Is this guy stupid? Or does he think we are?

May 9, 2014 | Unregistered CommenterBarbarossa

Krauthammer should visit SIO (Scripps) and get a lecture about all their ice cores etc.. Then he could go to NCAR and get a lecture on all the data that they have collected world wide. Bush censored that immediately and put a politician in charge of vetting all their scientific papers as soon as he came in office. (actually I bet it was Cheney).

May 9, 2014 | Unregistered CommenterDede C

Over at http://nymag.com/daily/intelligencer/2014/05/krauthammer-george-will-attack-climate-science.html , Jonathan Chait has a take down on "...Esteemed Fox News Panel" with George Will and Charles Krauthammer.

Chait sums up these men of science quite well, i.e., :

"The analogy Krauthammer suggests of the rain man — an authority figure possessed of commanding prestige despite lacking even rudimentary analytic powers — turns out to be apt; only he is describing himself."

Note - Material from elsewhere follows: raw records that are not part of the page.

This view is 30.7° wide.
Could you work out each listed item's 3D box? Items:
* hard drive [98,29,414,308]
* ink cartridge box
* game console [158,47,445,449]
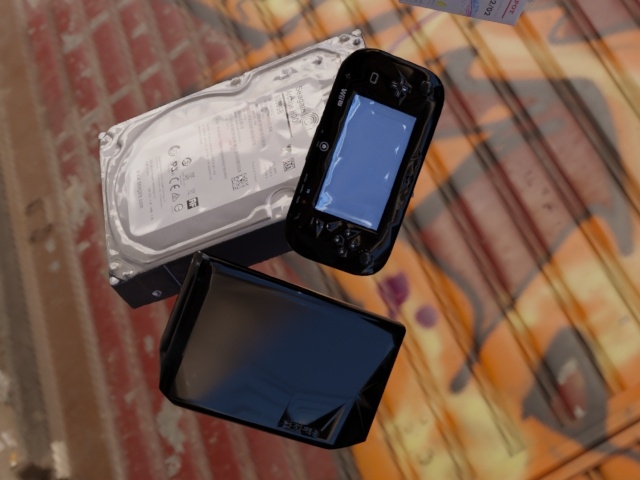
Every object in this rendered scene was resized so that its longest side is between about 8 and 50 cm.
[{"bbox_3d":[-0.081,-0.083,1.298,0.064,0.339,0.237,59,15,-50],"label":"hard drive"},{"bbox_3d":[0.184,-0.306,1.300,0.181,0.104,0.061,8,45,-16],"label":"ink cartridge box"},{"bbox_3d":[0.000,0.000,1.055,0.213,0.361,0.044,20,-1,-24],"label":"game console"}]
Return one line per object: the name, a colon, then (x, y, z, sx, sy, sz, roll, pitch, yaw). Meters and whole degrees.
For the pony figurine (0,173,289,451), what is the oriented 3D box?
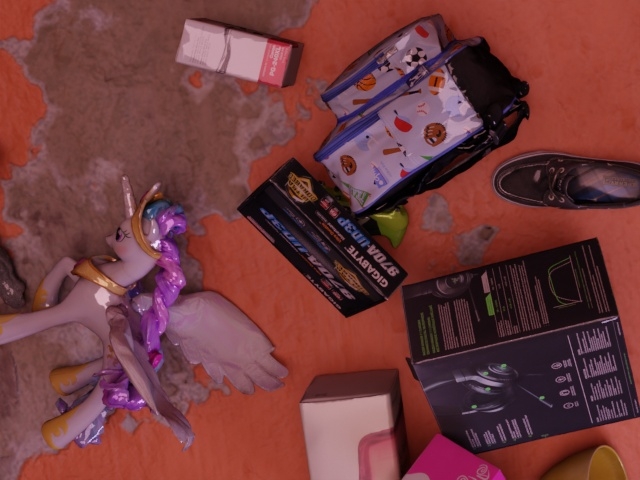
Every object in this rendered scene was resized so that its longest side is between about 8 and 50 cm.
pony figurine: (-0.263, 0.133, 1.881, 0.363, 0.303, 0.351, -37, 85, 27)

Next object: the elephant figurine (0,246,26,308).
elephant figurine: (-0.535, -0.014, 1.944, 0.186, 0.169, 0.240, 22, 120, 33)

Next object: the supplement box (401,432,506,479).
supplement box: (0.194, 0.370, 1.834, 0.114, 0.220, 0.111, 27, 70, 39)

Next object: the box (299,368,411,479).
box: (0.056, 0.309, 1.901, 0.126, 0.148, 0.232, -6, 98, 9)

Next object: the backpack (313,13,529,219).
backpack: (0.114, -0.157, 1.775, 0.263, 0.276, 0.213, -42, 86, 18)

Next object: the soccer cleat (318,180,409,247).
soccer cleat: (0.033, -0.034, 1.901, 0.178, 0.060, 0.072, 14, 117, 7)

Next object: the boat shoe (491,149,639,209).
boat shoe: (0.338, -0.074, 1.831, 0.228, 0.076, 0.080, 7, 100, 15)

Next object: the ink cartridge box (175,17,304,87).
ink cartridge box: (-0.108, -0.255, 1.858, 0.150, 0.109, 0.063, 15, 101, 5)

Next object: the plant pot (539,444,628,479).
plant pot: (0.354, 0.352, 1.886, 0.095, 0.134, 0.134, -13, 97, 35)

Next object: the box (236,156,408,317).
box: (0.000, 0.000, 1.843, 0.220, 0.175, 0.051, 45, 70, -5)

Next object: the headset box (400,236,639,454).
headset box: (0.255, 0.149, 1.796, 0.283, 0.131, 0.246, -15, 139, 10)
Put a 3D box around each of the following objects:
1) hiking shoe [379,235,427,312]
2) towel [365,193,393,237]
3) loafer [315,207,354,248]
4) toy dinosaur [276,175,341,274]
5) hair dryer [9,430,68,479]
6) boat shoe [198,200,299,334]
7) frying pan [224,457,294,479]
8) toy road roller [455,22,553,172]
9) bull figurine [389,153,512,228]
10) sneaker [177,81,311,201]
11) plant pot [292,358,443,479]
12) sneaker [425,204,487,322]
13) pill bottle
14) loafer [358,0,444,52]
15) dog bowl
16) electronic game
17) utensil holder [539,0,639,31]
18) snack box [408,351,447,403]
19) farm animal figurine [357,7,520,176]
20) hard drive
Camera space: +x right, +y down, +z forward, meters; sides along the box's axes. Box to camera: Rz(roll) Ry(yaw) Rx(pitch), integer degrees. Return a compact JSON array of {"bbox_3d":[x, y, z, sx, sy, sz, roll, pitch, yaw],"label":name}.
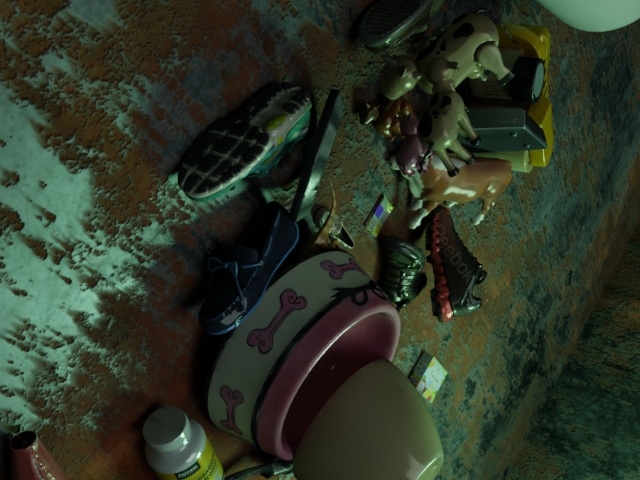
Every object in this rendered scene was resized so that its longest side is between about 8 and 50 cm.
[{"bbox_3d":[0.180,0.082,1.671,0.114,0.086,0.227,-56,145,-22],"label":"hiking shoe"},{"bbox_3d":[0.126,-0.051,1.589,0.083,0.009,0.060,-58,144,-13],"label":"towel"},{"bbox_3d":[0.032,-0.022,1.449,0.045,0.039,0.125,-57,145,-12],"label":"loafer"},{"bbox_3d":[0.000,0.000,1.379,0.211,0.064,0.112,-58,152,-1],"label":"toy dinosaur"},{"bbox_3d":[-0.435,0.400,1.019,0.223,0.080,0.294,22,90,-55],"label":"hair dryer"},{"bbox_3d":[-0.132,0.037,1.228,0.258,0.109,0.089,-62,140,-38],"label":"boat shoe"},{"bbox_3d":[-0.055,0.433,1.498,0.197,0.053,0.326,-40,161,27],"label":"frying pan"},{"bbox_3d":[0.427,-0.338,1.678,0.241,0.202,0.330,-59,146,-31],"label":"toy road roller"},{"bbox_3d":[0.276,-0.120,1.619,0.310,0.101,0.188,0,139,-26],"label":"bull figurine"},{"bbox_3d":[-0.103,-0.136,1.153,0.275,0.107,0.110,-42,147,-32],"label":"sneaker"},{"bbox_3d":[0.115,0.391,1.383,0.284,0.191,0.284,-39,149,-29],"label":"plant pot"},{"bbox_3d":[0.311,0.047,1.713,0.097,0.135,0.276,56,28,-73],"label":"sneaker"},{"bbox_3d":[-0.233,0.362,1.252,0.103,0.103,0.184,-45,140,-29],"label":"pill bottle"},{"bbox_3d":[0.161,-0.405,1.358,0.251,0.094,0.087,-45,143,-30],"label":"loafer"},{"bbox_3d":[-0.013,0.224,1.369,0.408,0.150,0.408,-38,147,-30],"label":"dog bowl"},{"bbox_3d":[-0.010,-0.140,1.233,0.229,0.048,0.229,-161,-90,-88],"label":"electronic game"},{"bbox_3d":[0.563,-0.637,1.579,0.385,0.327,0.328,3,106,-57],"label":"utensil holder"},{"bbox_3d":[0.293,0.376,2.035,0.100,0.037,0.141,-60,145,-13],"label":"snack box"},{"bbox_3d":[0.200,-0.283,1.319,0.327,0.330,0.172,-45,118,-3],"label":"farm animal figurine"},{"bbox_3d":[0.330,-0.228,1.562,0.172,0.254,0.054,17,78,-55],"label":"hard drive"}]
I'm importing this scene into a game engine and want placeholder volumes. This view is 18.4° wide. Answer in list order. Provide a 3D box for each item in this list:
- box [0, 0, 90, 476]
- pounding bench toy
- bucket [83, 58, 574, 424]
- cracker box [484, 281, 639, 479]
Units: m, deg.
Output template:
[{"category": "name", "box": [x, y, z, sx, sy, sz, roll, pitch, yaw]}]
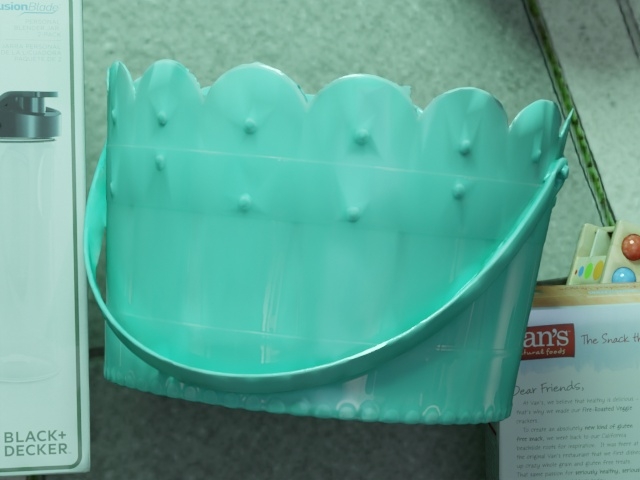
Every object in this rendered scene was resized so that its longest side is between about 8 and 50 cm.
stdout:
[{"category": "box", "box": [-0.224, -0.007, 1.159, 0.169, 0.087, 0.290, -2, 89, -17]}, {"category": "pounding bench toy", "box": [0.216, 0.024, 1.307, 0.083, 0.065, 0.052, 19, 83, -16]}, {"category": "bucket", "box": [0.000, 0.000, 1.141, 0.281, 0.281, 0.183, 5, 91, -17]}, {"category": "cracker box", "box": [0.185, 0.144, 1.256, 0.155, 0.067, 0.232, -2, 101, -4]}]
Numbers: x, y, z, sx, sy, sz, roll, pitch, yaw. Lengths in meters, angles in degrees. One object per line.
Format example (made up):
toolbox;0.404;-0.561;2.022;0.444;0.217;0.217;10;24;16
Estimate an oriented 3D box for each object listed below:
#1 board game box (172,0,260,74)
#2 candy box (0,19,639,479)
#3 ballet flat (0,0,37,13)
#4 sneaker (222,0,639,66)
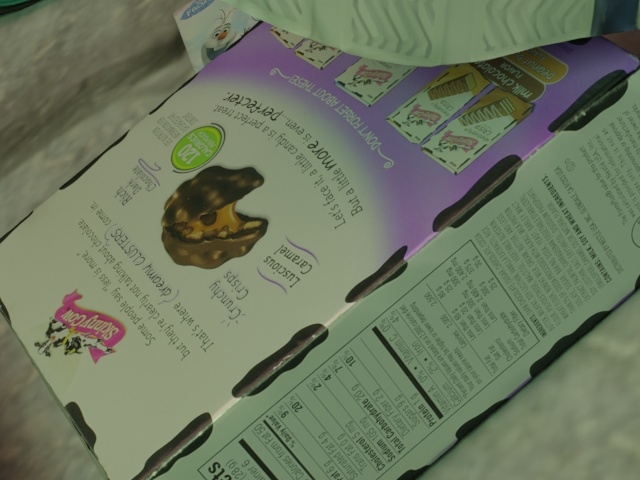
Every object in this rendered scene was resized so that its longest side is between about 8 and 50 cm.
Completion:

May 9, 2014 | Unregistered CommenterMAG

Thanks MAG for the link. So it's not only Charles K., but George W. that appear to be somewhere back in the days when we prayed to rain gods and slaughtered virgins for the Corn Kings. I liked Chait's last paragraph:

"To watch Will and Krauthammer grasp for rationales to cast doubt on an established scientific field merely because its findings pose a challenge to their ideological priors is a depressing, and even harrowing, study in the poisonous effects of dogma upon a once-healthy brain. They have amassed an impressive array of sound bites and factoids, and can render them with convincing gravitas, and yet their underlying reasoning is absolutely bonkers. The analogy Krauthammer suggests of the rain man — an authority figure possessed of commanding prestige despite lacking even rudimentary analytic powers — turns out to be apt; only he is describing himself."

And you always have to ask: What's THEIR skin in the game?

May 9, 2014 | Unregistered CommenterPD Pepe

@PD: As Marie said: Koch Industries. 'Nuff said.